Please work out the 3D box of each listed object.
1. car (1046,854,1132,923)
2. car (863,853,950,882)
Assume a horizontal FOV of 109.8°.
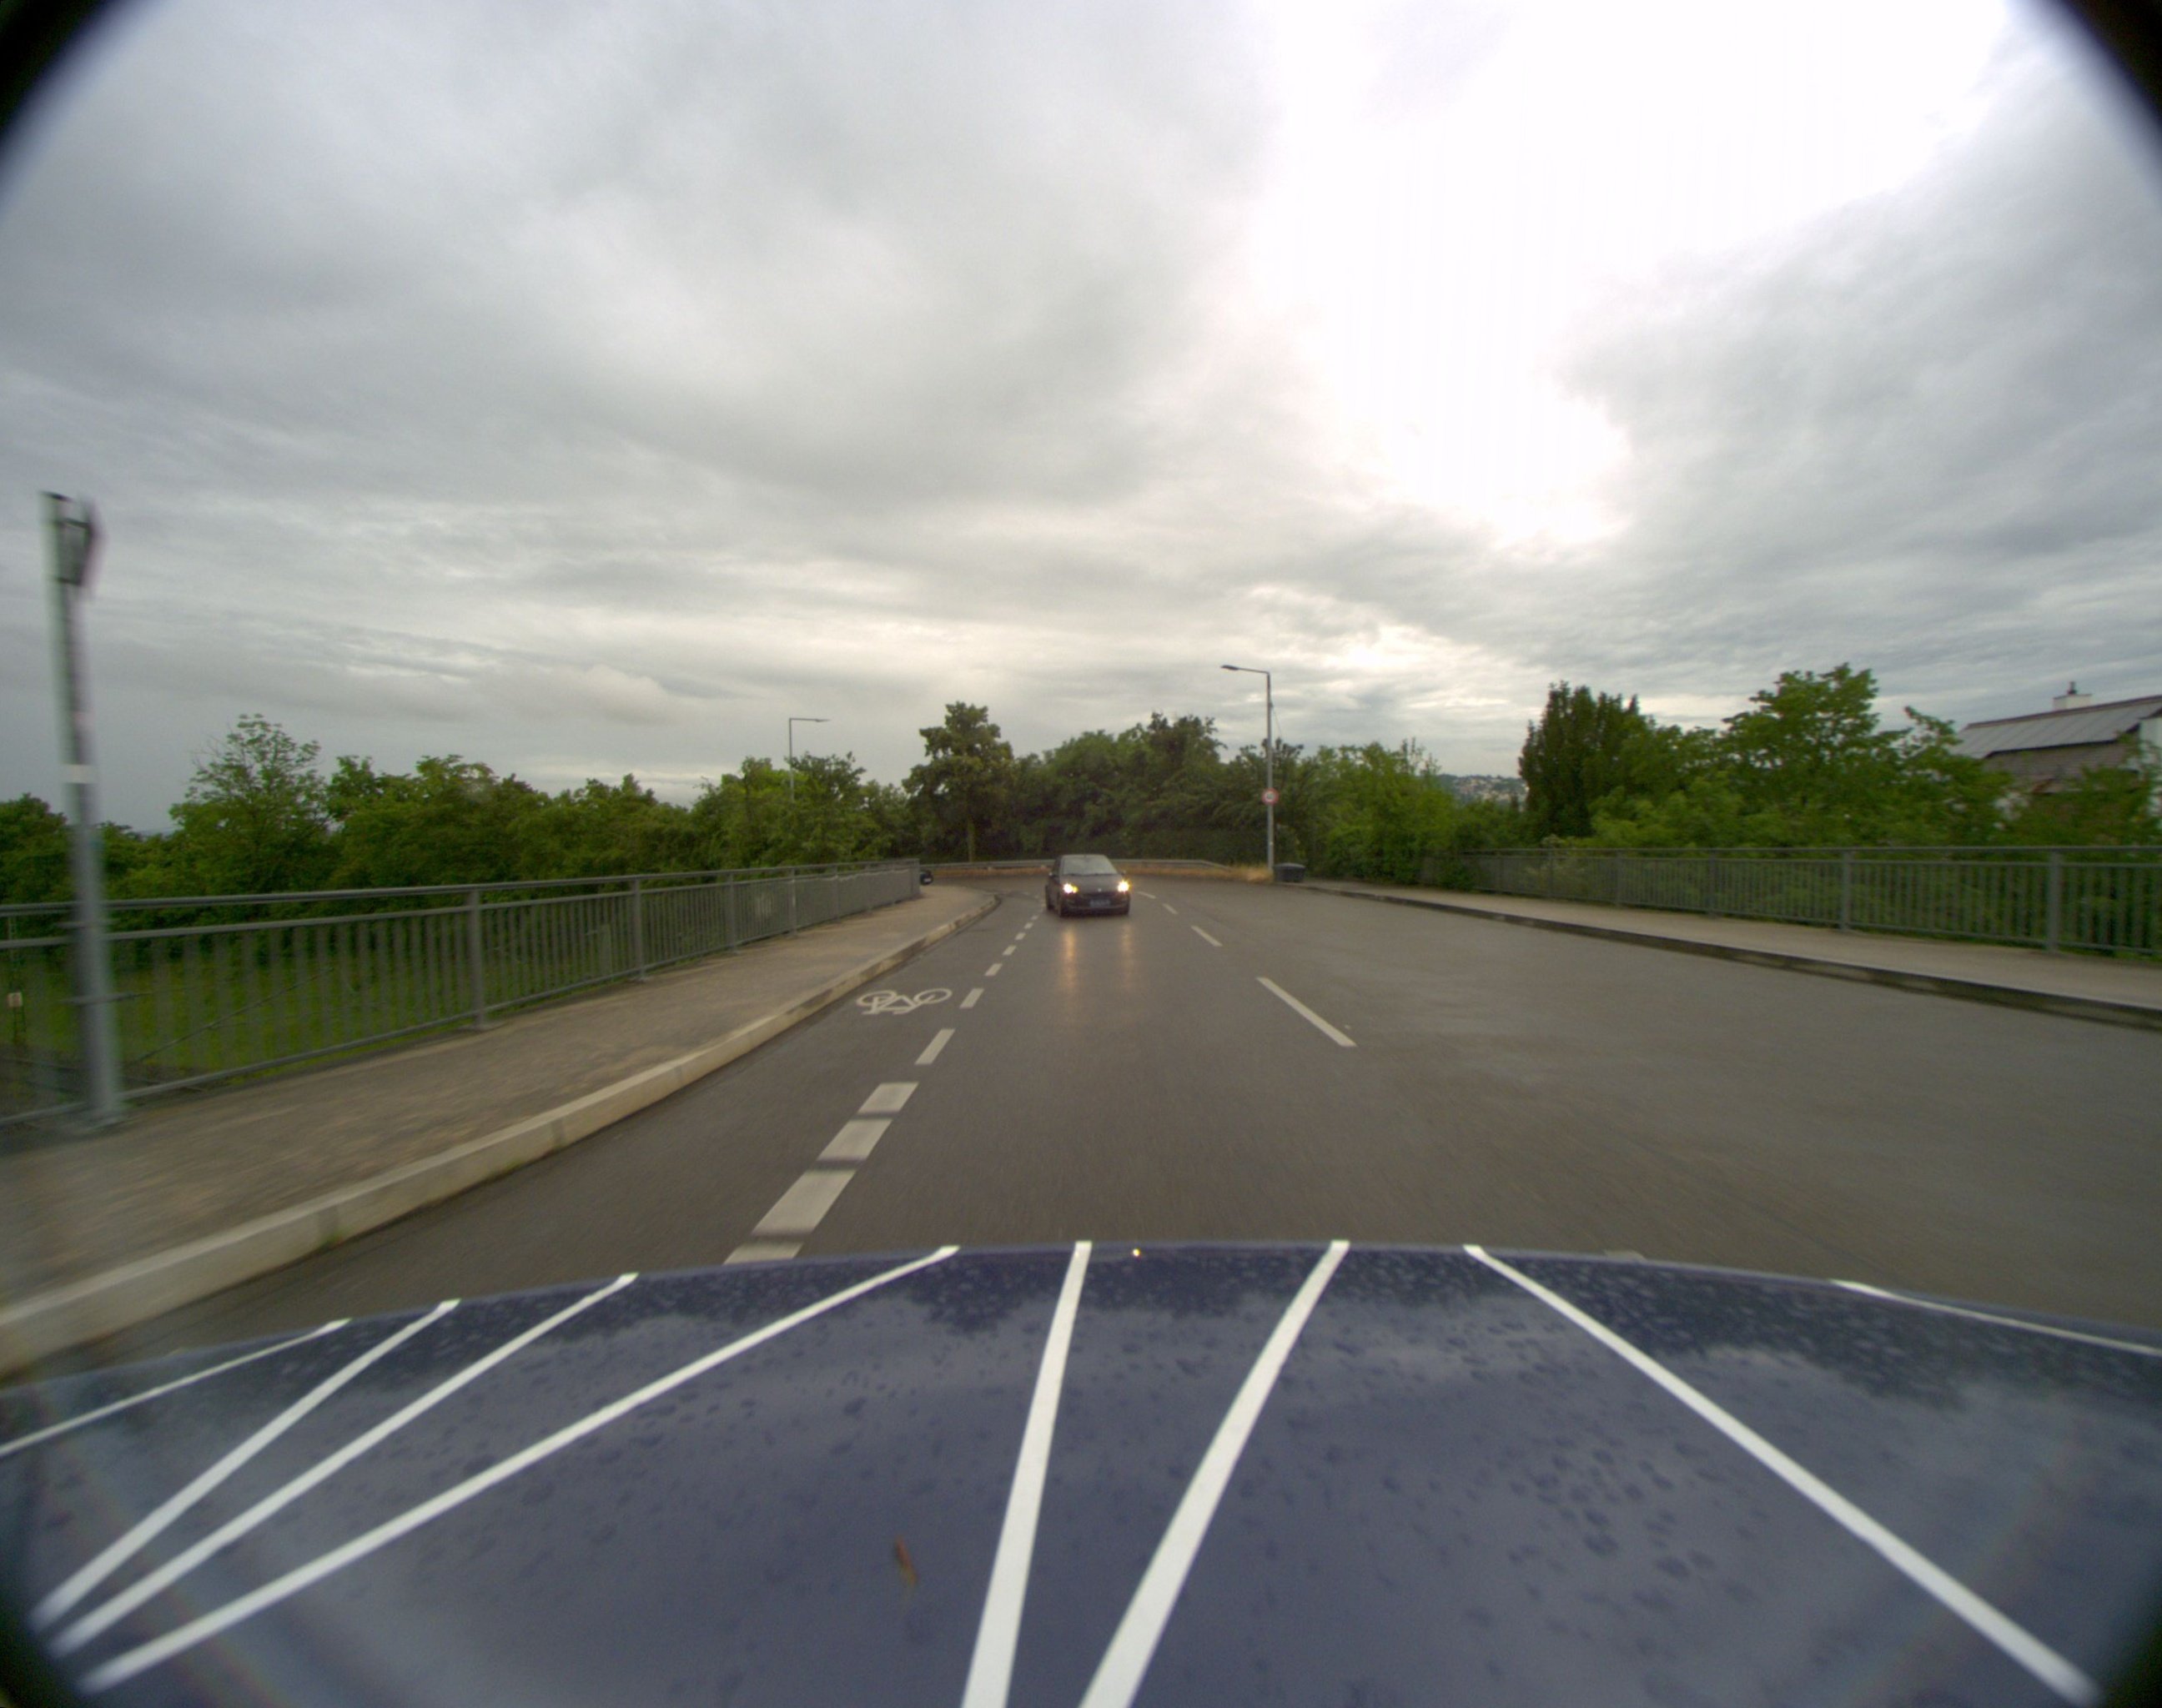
[{"bbox_3d":[0.110,0.795,19.187,1.681,1.405,3.634,-3,2,-6],"label":"car"},{"bbox_3d":[-9.275,0.718,40.358,4.388,1.445,1.771,-1,0,28],"label":"car"}]

Try it.
What you return should be the entries from above, unchanged and without their images.

Finished task.
Please work out the 3D box of each listed object.
1. car (1046,854,1132,923)
2. car (863,853,950,882)
Assume a horizontal FOV of 109.8°.
[{"bbox_3d":[0.110,0.795,19.187,1.681,1.405,3.634,-3,2,-6],"label":"car"},{"bbox_3d":[-9.275,0.718,40.358,4.388,1.445,1.771,-1,0,28],"label":"car"}]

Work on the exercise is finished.